1.    Langkah pertama menentukan sensasi kualitatif
Langkah pertama dalam pemeriksaan sensorik adalah menentukan derajat sejauh mana
keberadaan sensasi kualitatif. Beberapa metode sudah tersedia untuk pemeriksaan
penciuman.
a.    Tes Odor stix – Tes Odor stix menggunakan sebuah pena ajaib mirip spidol yang
menghasilkan bau-bauan. Pena ini dipegang dalam jarak sekitar 3-6 inci dari hidung pasien
untuk memeriksa persepsi bau oleh pasien secara kasar.
b.    Tes alkohol 12 inci – Satu lagi tes yang memeriksa persepsi kasar terhadap bau, tes alkohol
12 inci, menggunakan paket alkohol isopropil yang baru saja dibuka dan dipegang pada jarak
sekitar 12 inci dari hidung pasien.
c.    Scratch and sniff card (Kartu gesek dan cium) – Tersedia scratch and sniff card yang
mengandung 3 bau untuk menguji penciuman secara kasar.
d.   The University of Pennsylvania Smell Identification Test (UPSIT) – Tes yang jauh lebih baik
dibanding yang lain adalah UPSIT; ia sangat dianjurkan untuk pemeriksaan pasien dengan
gangguan penciuman. Tes ini menggunakan 40 item pilihan-ganda yang berisi bau-bauan
scratch and sniff berkapsul mikro. Sebagai contoh, salah satu itemnya berbunyi “Bau ini
paling mirip seperti bau (a) coklat, (b) pisang, (c) bawang putih, atau (d) jus buah,” dan
pasien diharuskan menjawab salah satu dari pilihan jawaban yang ada. Tes ini sangat reliabel
(reliabilitas tes-retes jangka pendek r = 0,95) dan sensitif terhadap perbedaan usia dan jenis
kelamin. Tes ini merupakan penentuan kuantitatif yang akurat untuk derajat relatif defisit
penciuman. Orang-orang yang kehilangan seluruh fungsi penciumannya akan mencapai skor
pada kisaran 7-19 dari maksimal 40. Skor rata-rata untuk pasien-pasien anosmia total sedikit
lebih tinggi dibanding yang diperkirakan menurut peluang saja karena dimasukannya
sejumlah bau-bauan yang beraksi melalui rangsangan trigeminal.

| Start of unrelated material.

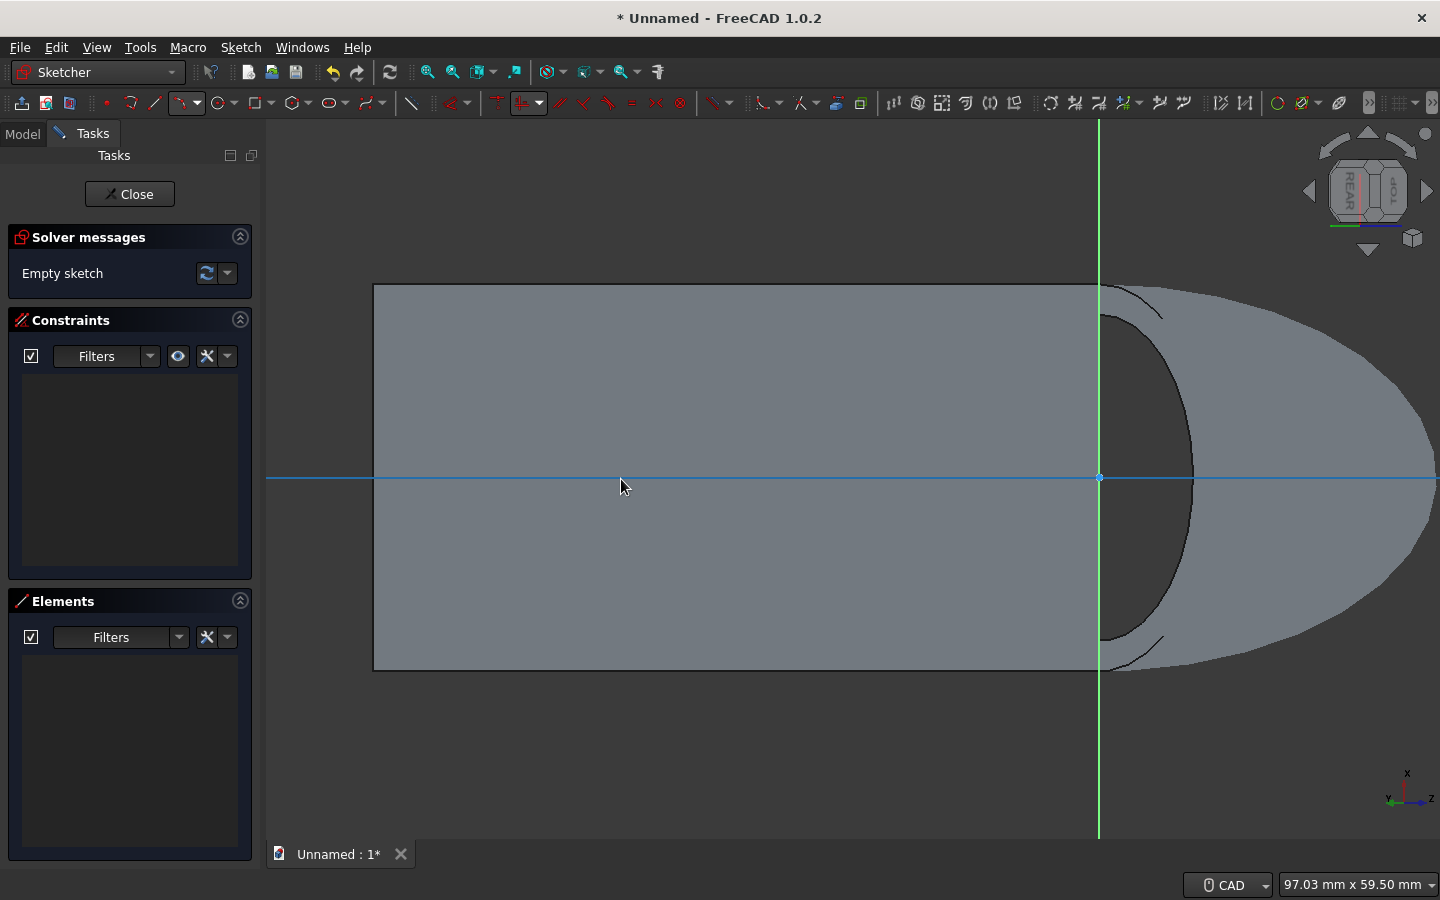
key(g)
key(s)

2.    Langkah ke-dua menentukan ambang deteksi Setelah dokter menentukan derajat sejauh mana
keberadaan sensasi kualitatif, langkah kedua pada pemeriksaan sensorik adalah menetapkan
ambang deteksi untuk bau alkohol feniletil. Ambang ini ditetapkan menggunakan rangsangan
bertingkat. Sensitivitas untuk masing-masing lubang hidung ditentukan dengan ambang
deteksi untuk fenil-teil metil etil karbinol. Tahanan hidung juga dapat diukur dengan
rinomanometri anterior untuk masing-masing sisi hidung.